TASK OBJECTIVE — Write each line below back out exactly, omitting its pictures.

MATERIAL SUPPLIED —
=======

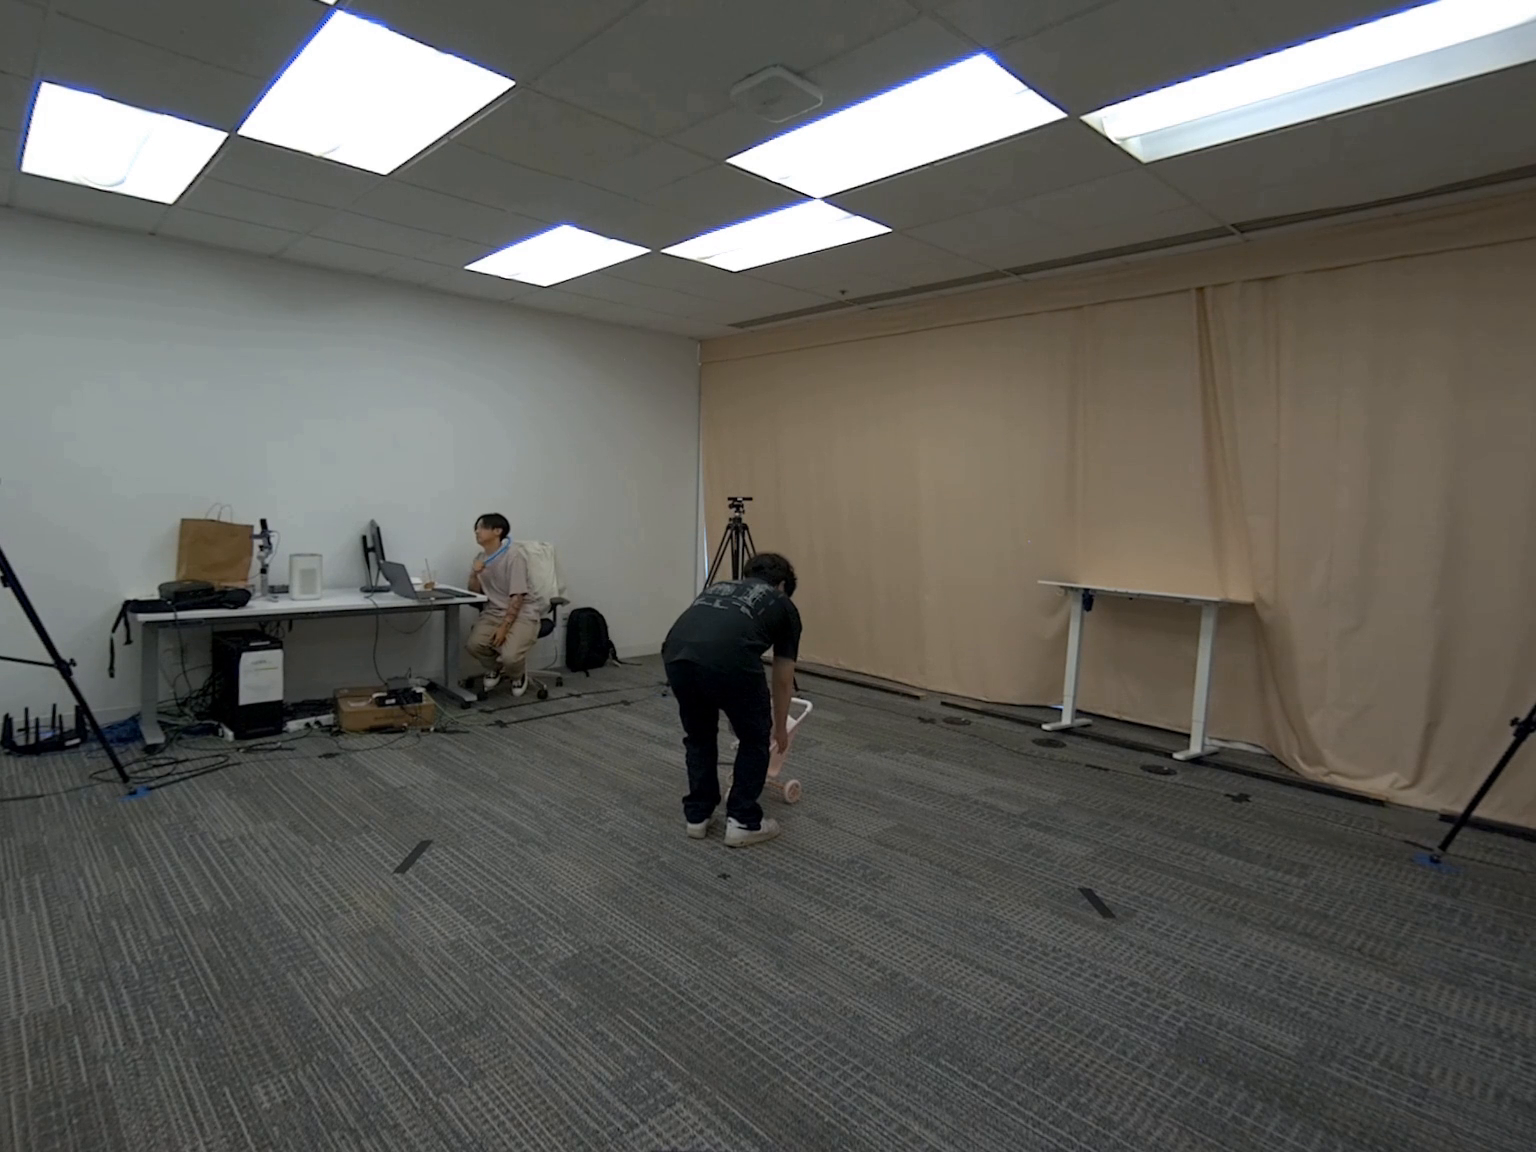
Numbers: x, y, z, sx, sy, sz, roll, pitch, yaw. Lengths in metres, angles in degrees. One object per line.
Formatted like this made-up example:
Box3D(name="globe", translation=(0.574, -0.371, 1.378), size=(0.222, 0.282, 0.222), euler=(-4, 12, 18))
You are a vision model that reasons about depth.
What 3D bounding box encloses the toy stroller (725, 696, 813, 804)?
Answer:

=======

REPLY TO THE EXERCISE —
Numbers: x, y, z, sx, sy, sz, roll, pitch, yaw. Lengths in metres, angles in degrees. One object per line.
Formatted like this made-up example:
Box3D(name="globe", translation=(0.574, -0.371, 1.378), size=(0.222, 0.282, 0.222), euler=(-4, 12, 18))
You are a vision model that reasons about depth.
What 3D bounding box encloses the toy stroller (725, 696, 813, 804)?
Answer:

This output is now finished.